• _YOUR INSTRUCTIONS_:
Each line of the data must reappear exactly in your answer, with no images included.

═════ RECORD SET ═════

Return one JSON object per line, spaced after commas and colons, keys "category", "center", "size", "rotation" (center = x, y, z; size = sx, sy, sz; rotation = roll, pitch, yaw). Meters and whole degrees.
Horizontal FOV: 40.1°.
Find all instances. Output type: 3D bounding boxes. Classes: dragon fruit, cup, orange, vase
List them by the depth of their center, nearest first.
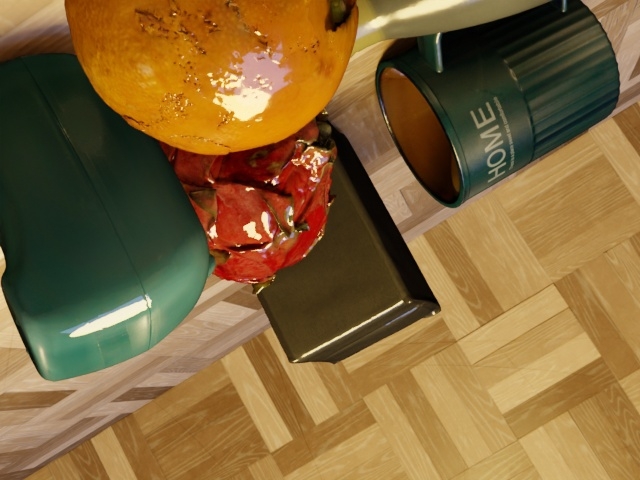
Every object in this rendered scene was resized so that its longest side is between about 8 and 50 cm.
{"category": "orange", "center": [-0.082, -0.188, 0.694], "size": [0.240, 0.240, 0.240], "rotation": [-29, 167, -7]}
{"category": "vase", "center": [0.107, -0.280, 0.948], "size": [0.321, 0.173, 0.173], "rotation": [-27, 167, 5]}
{"category": "dragon fruit", "center": [-0.098, -0.064, 1.102], "size": [0.299, 0.244, 0.244], "rotation": [-30, 170, 41]}
{"category": "cup", "center": [0.255, -0.247, 1.312], "size": [0.292, 0.308, 0.242], "rotation": [-27, -162, -10]}

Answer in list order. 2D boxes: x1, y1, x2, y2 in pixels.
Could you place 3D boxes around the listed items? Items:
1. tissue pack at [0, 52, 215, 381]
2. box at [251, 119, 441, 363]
{"category": "tissue pack", "center": [-0.228, -0.031, 0.837], "size": [0.206, 0.287, 0.198], "rotation": [-27, 163, -21]}
{"category": "box", "center": [0.001, -0.001, 1.351], "size": [0.204, 0.345, 0.251], "rotation": [-30, 166, 10]}

═════

• _RESPONSE AREA_:
Return one JSON object per line, spaced after commas and colons, keys "category", "center", "size", "rotation" (center = x, y, z; size = sx, sy, sz; rotation = roll, pitch, yaw). Meters and whole degrees.
Horizontal FOV: 40.1°.
Find all instances. Output type: 3D bounding boxes. Classes: dragon fruit, cup, orange, vase
List them by the depth of their center, nearest first.
Every object in this rendered scene was resized so that its longest side is between about 8 and 50 cm.
{"category": "orange", "center": [-0.082, -0.188, 0.694], "size": [0.240, 0.240, 0.240], "rotation": [-29, 167, -7]}
{"category": "vase", "center": [0.107, -0.280, 0.948], "size": [0.321, 0.173, 0.173], "rotation": [-27, 167, 5]}
{"category": "dragon fruit", "center": [-0.098, -0.064, 1.102], "size": [0.299, 0.244, 0.244], "rotation": [-30, 170, 41]}
{"category": "cup", "center": [0.255, -0.247, 1.312], "size": [0.292, 0.308, 0.242], "rotation": [-27, -162, -10]}

Answer in list order. 2D boxes: x1, y1, x2, y2 in pixels.
Could you place 3D boxes around the listed items? Items:
1. tissue pack at [0, 52, 215, 381]
2. box at [251, 119, 441, 363]
{"category": "tissue pack", "center": [-0.228, -0.031, 0.837], "size": [0.206, 0.287, 0.198], "rotation": [-27, 163, -21]}
{"category": "box", "center": [0.001, -0.001, 1.351], "size": [0.204, 0.345, 0.251], "rotation": [-30, 166, 10]}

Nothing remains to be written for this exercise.